Bersanding di sisi kiri pemuda China itu, Jisung menoleh takut-takut. Belakangan ini, Jisung punya daftar orang yang ditakutinya. Yang pertama ada Lee Haechan. Kali pertamanya Jisung menyaksikan si pemuda eksotis itu membentak. Dikuasai amarahnya, rautnya yang sangar seakan menyerupai singa buas bersama aumannya yang mematikan. Kemudian di bawahnya ada Zhong Chenle—si pemuda yang tengah berdiri menanti lift bersamanya. Chenle yang mulanya tak pernah kehilangan semburat kebahagiaannya, kini bagai disulap menjadi mayat hidup. Diam, dingin, kaku dan seakan tak punya semangat sekecil apapun.

Membasahi bibirnya, Jisung mengudarakan suaranya. "Hyung, mau kemana?" Pelan, menyerupai cicitan kecil, Jisung berusaha mengenyahkan kecanggungan yang mungkin hanya menimpa dirinya.

Yang ditanya menoleh. "Nggak usah pakai formalitas segala.

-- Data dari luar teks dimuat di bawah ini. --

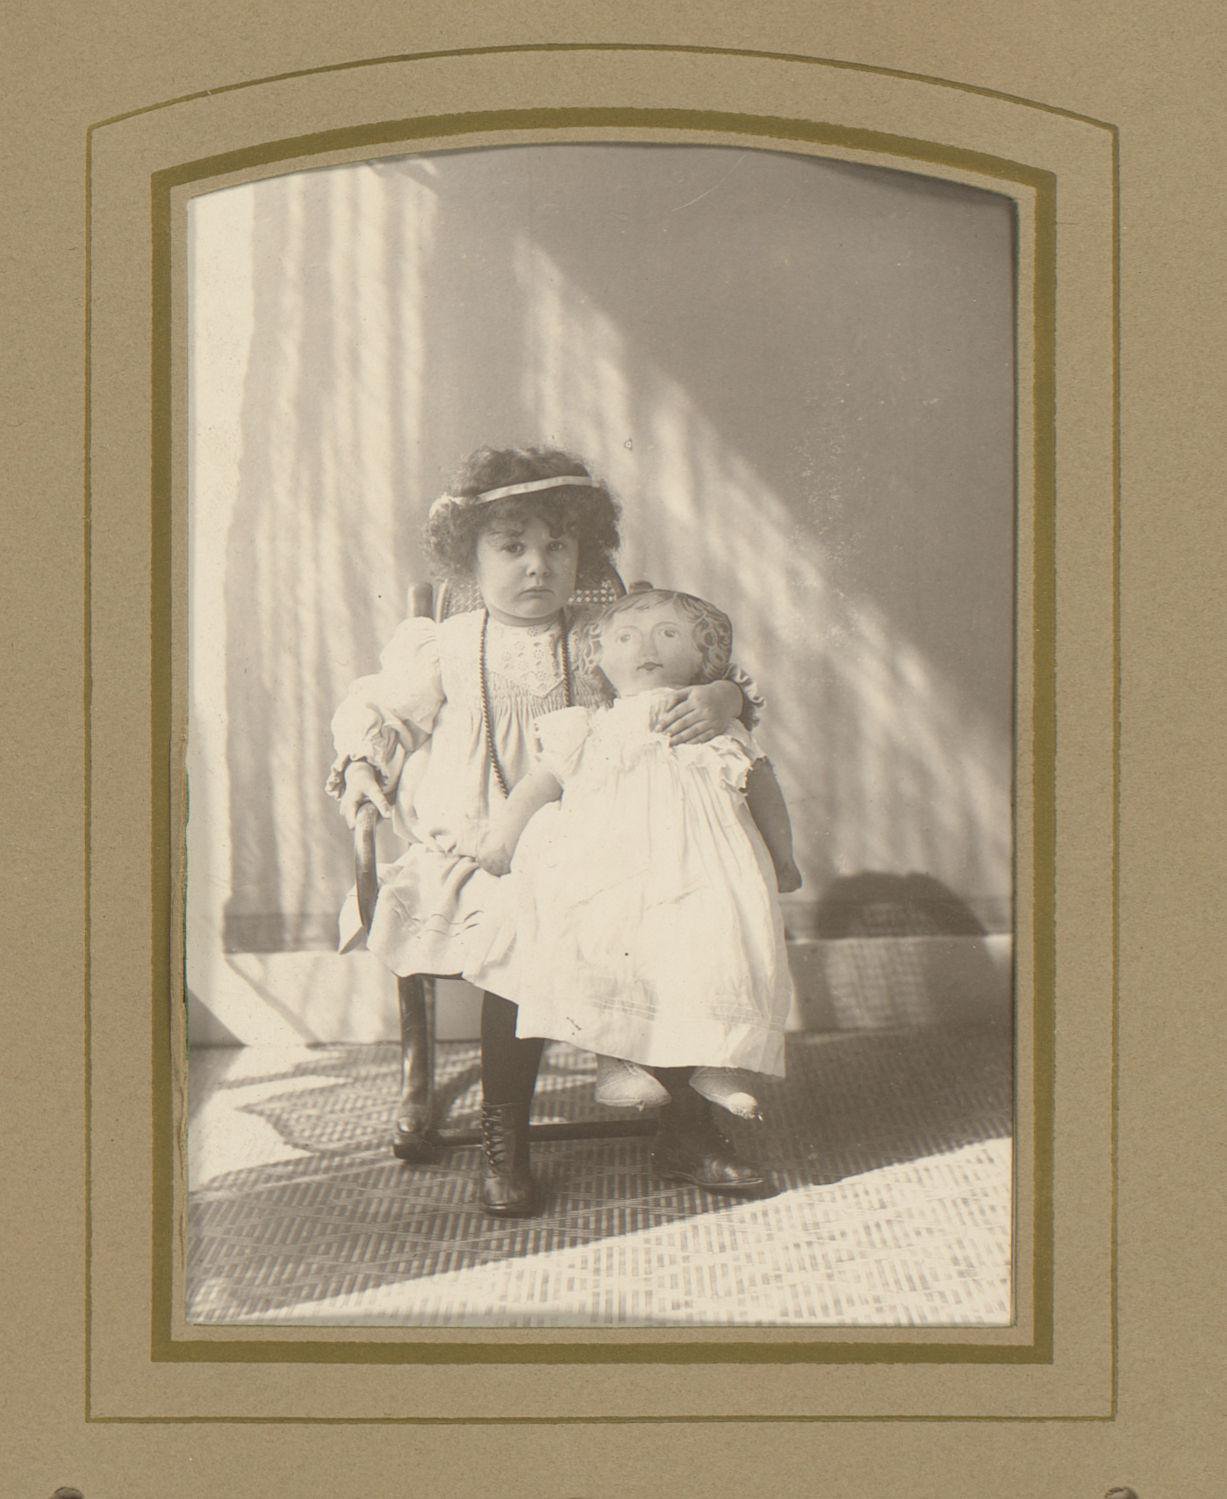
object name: album leaf
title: Portret van een kind op een stoel met een pop op schoot
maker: Anonymous
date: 1895-1920
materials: cardboard, photographic support
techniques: matte daylight collodion silver print
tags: historical persons - bb - woman, girl (child between toddler and youth), (playing with) dolls
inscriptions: number: ‘17’, number: ‘17’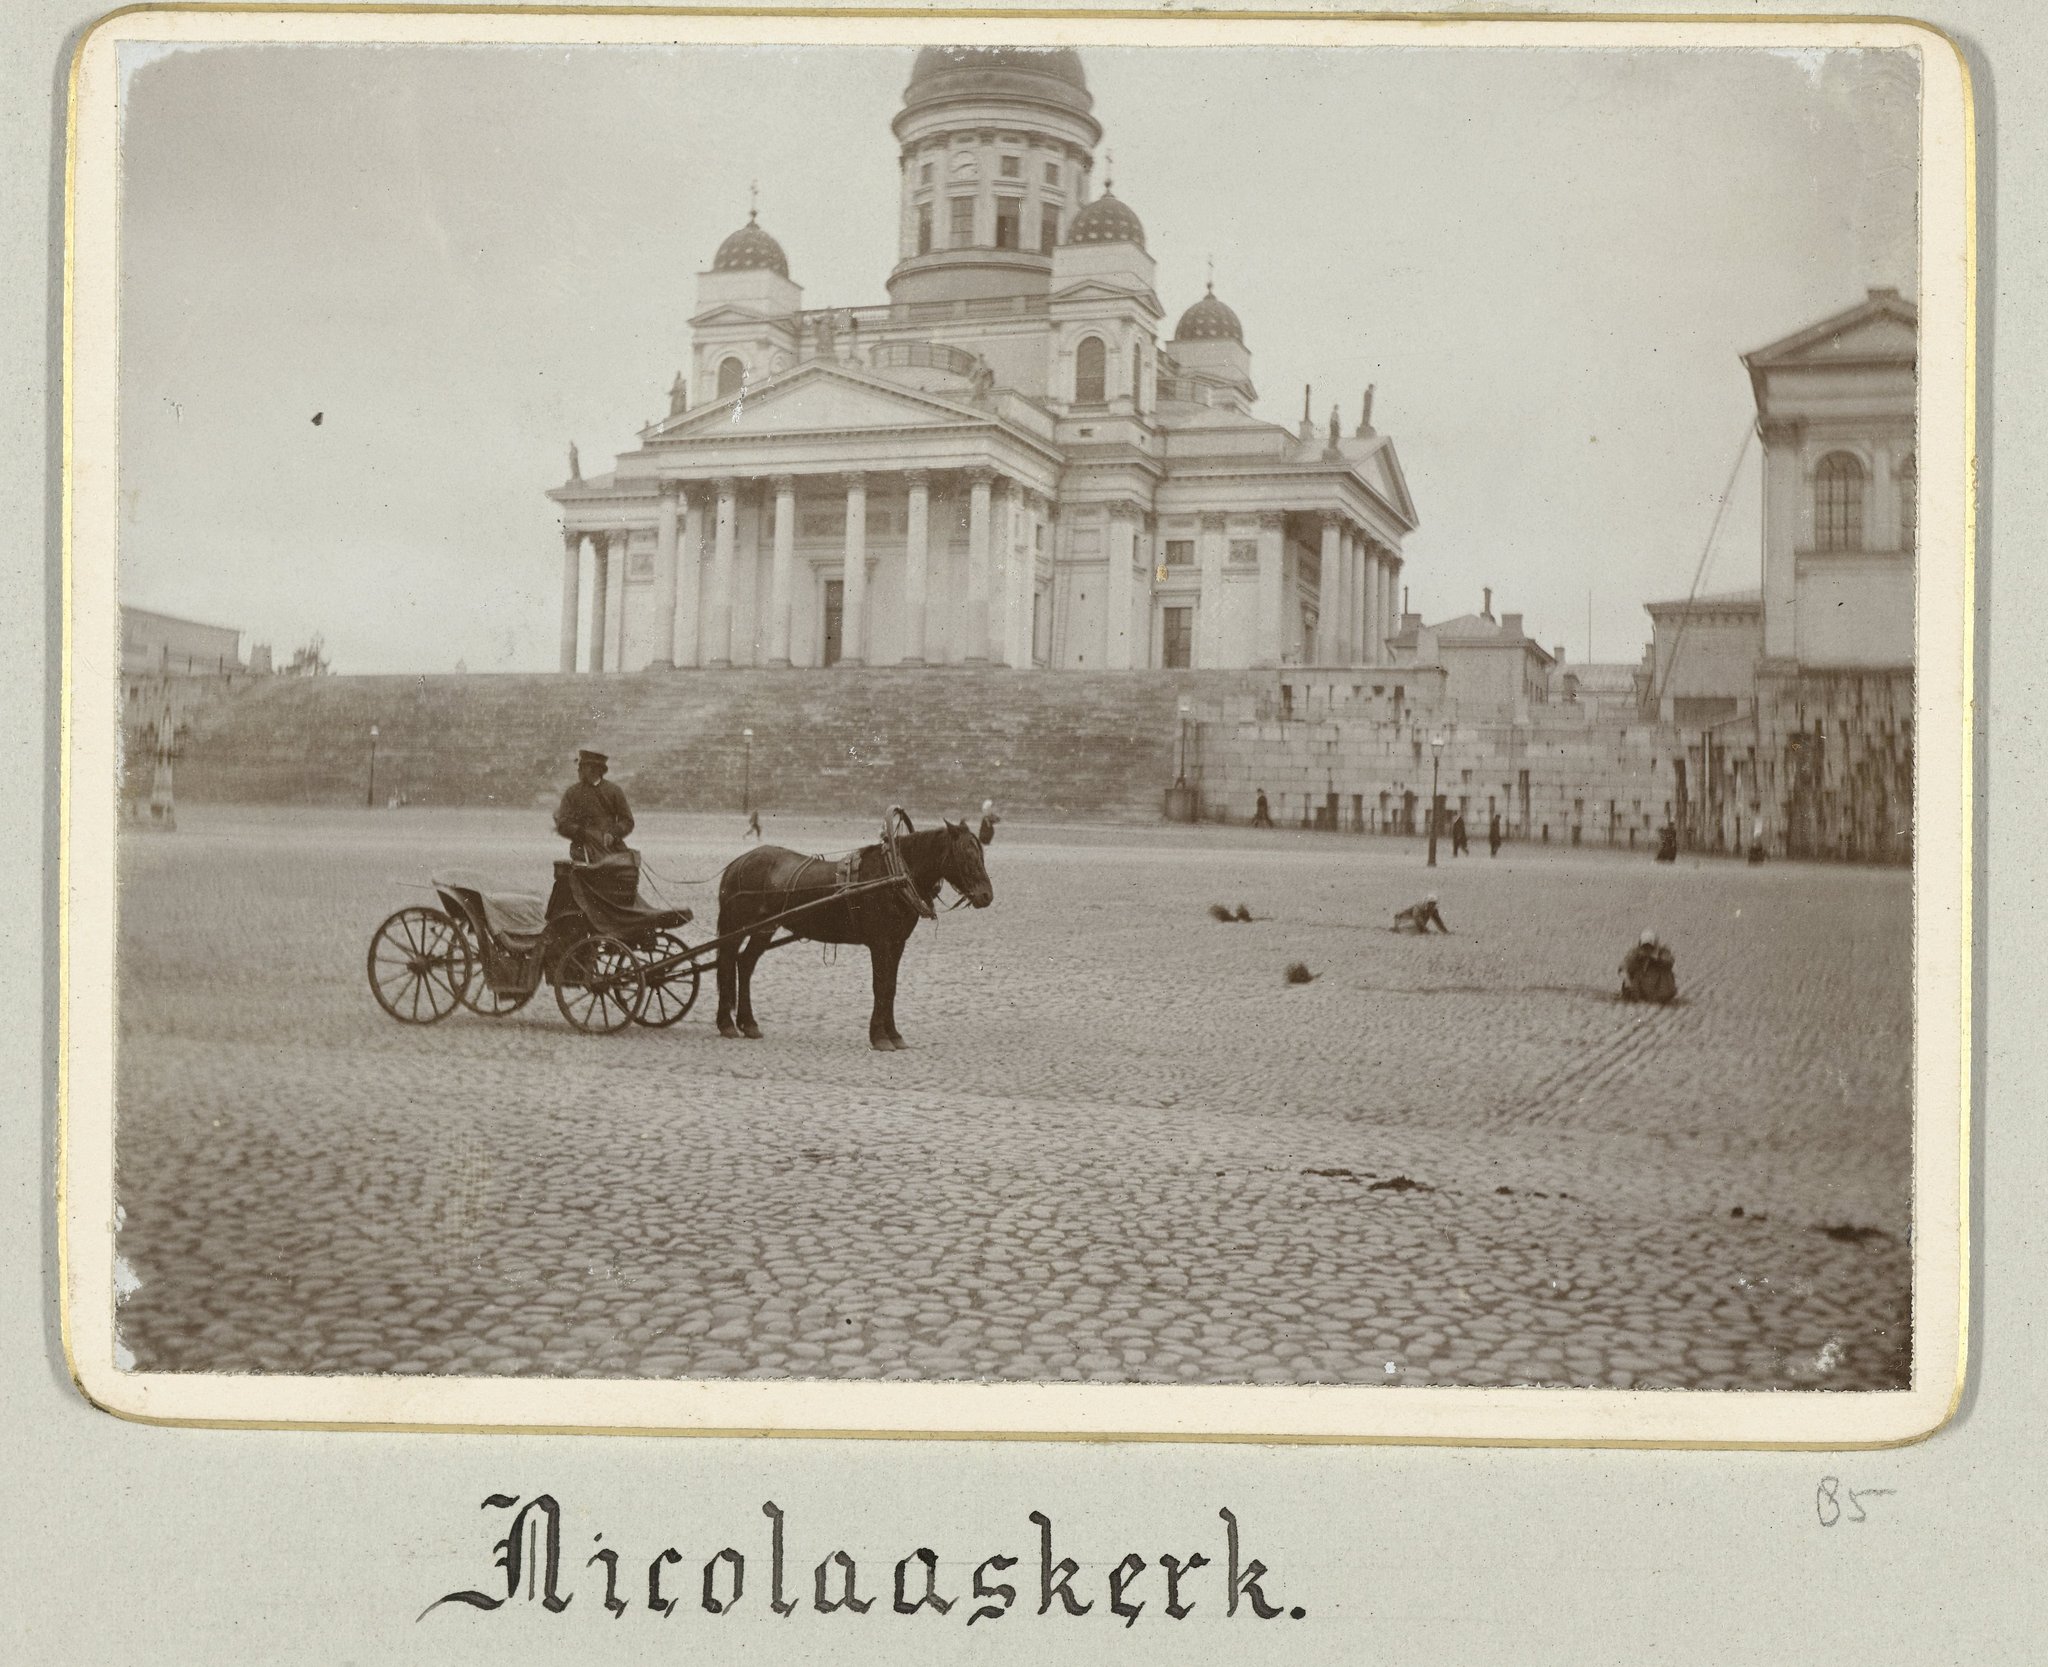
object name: photograph
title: Helsingfors Finland Nicolaaskerk.
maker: henry pauw van wieldrecht
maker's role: fotograaf
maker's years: 1863-1912
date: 1898
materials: paper, photographic support
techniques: albumen print
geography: netherlands
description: De domkerk in Helsinki voorheen tot 1917 ook wel genoemd de Nicolaaskerk naar Tsaar Nicolaas I van Rusland.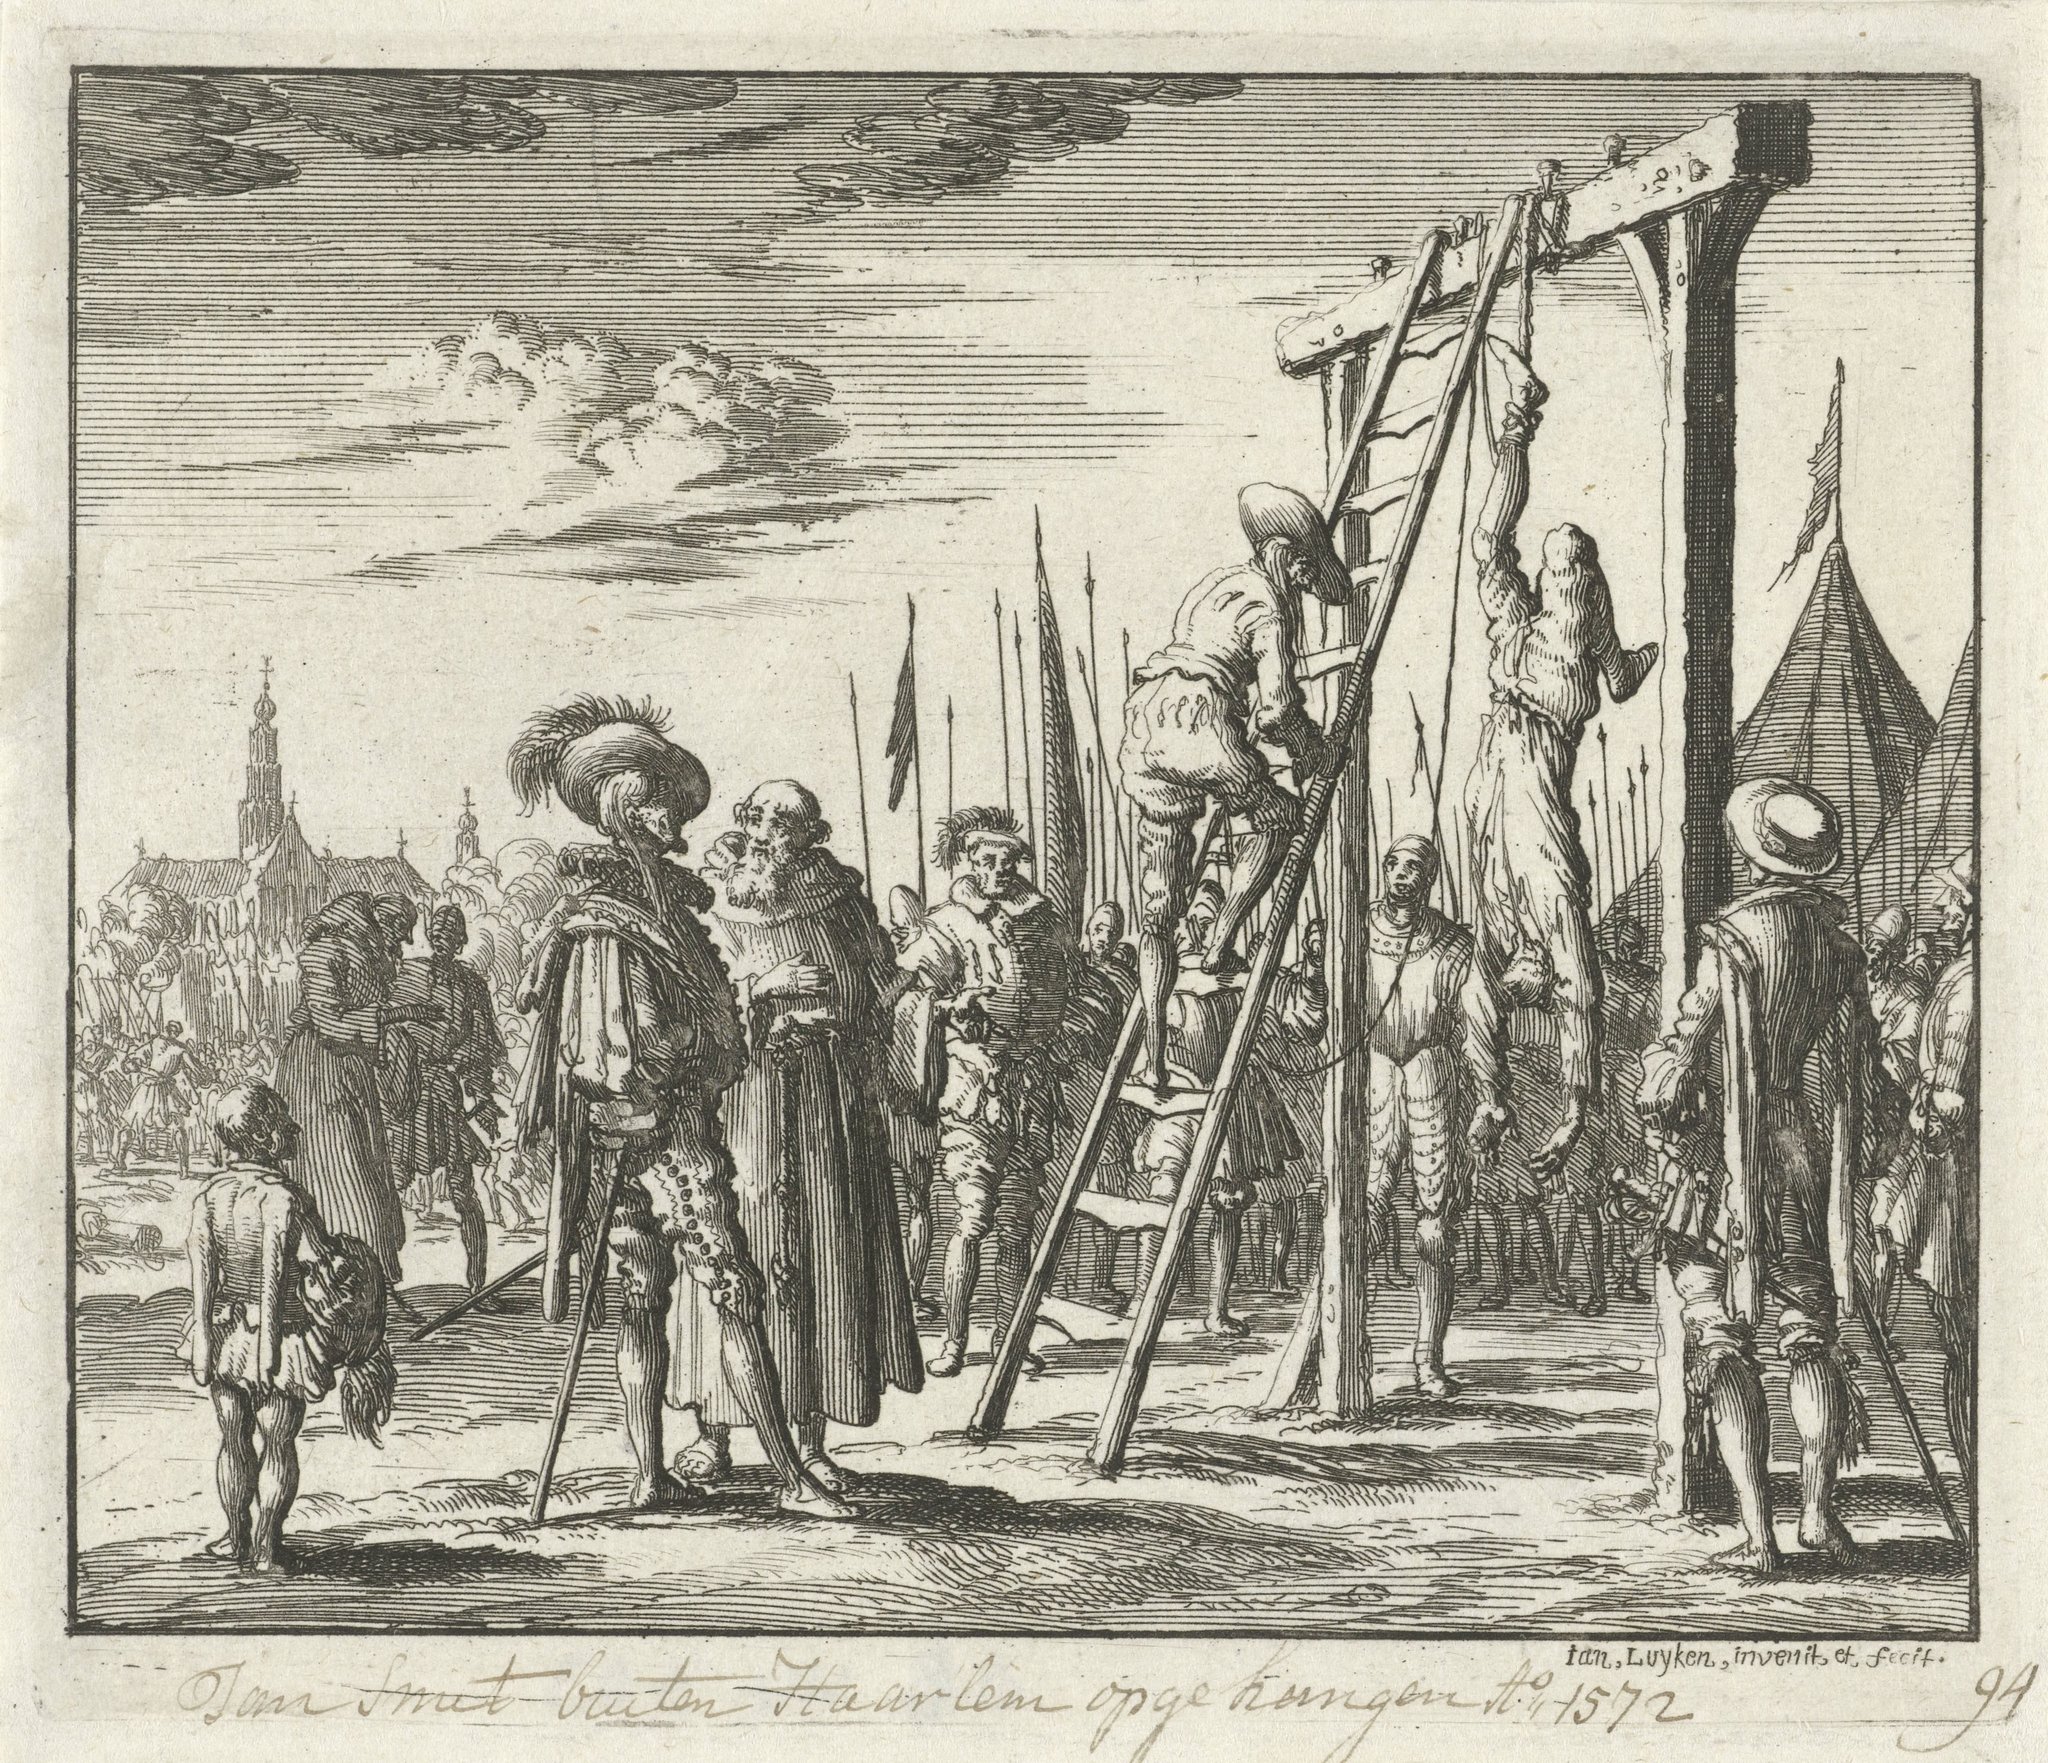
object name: book illustration
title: Jan Smit te Haarlem aan één been opgehangen, 1572
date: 1685
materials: paper
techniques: etching
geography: amsterdam
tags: execution of heretic, e.g. by burning at the stake, 'auto-da-fé', haarlem
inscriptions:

Kerasukan setan apa kamu?" Datar, pernyataan itu meluncur. Bukan sebuah jawaban melainkan sebuah kalimat yang menyatakan dimana Chenle seolah mengetahui perasaan segan dan canggung yang menguasai Jisung.

"Chenle, mau kemana?" Jisung mengulang pertanyaannya yang masih sama persis. Bersama dengan pintu lift yang terbuka, Chenle melangkah masuk disusul Jisung di belakangnya.

Zhong Chenle tak pernah menyukai kondisi yang seperti ini. Canggung atau segan yang membatasi semuanya. Tak bisa membohongi perasaannya sendiri, pemuda itu tengah dilanda kerinduannya. Akan bagaimana mulutnya menganga, tertawa sepuas-puasnya. Berduet bersama Mark Lee lewat tawa mereka yang sama-sama mematikan. Atau mengerahkan tangannya untuk mengelus lembut surai Jisung. Sial, seandainya Chenle tak dikuasai oleh rasa bersalahnya, dia dipastikan sudah menepuk kepala Jisung beberapa kali atau memekik gemas meneriakkan kata-kata seberapa menggemaskannya Park Jisung.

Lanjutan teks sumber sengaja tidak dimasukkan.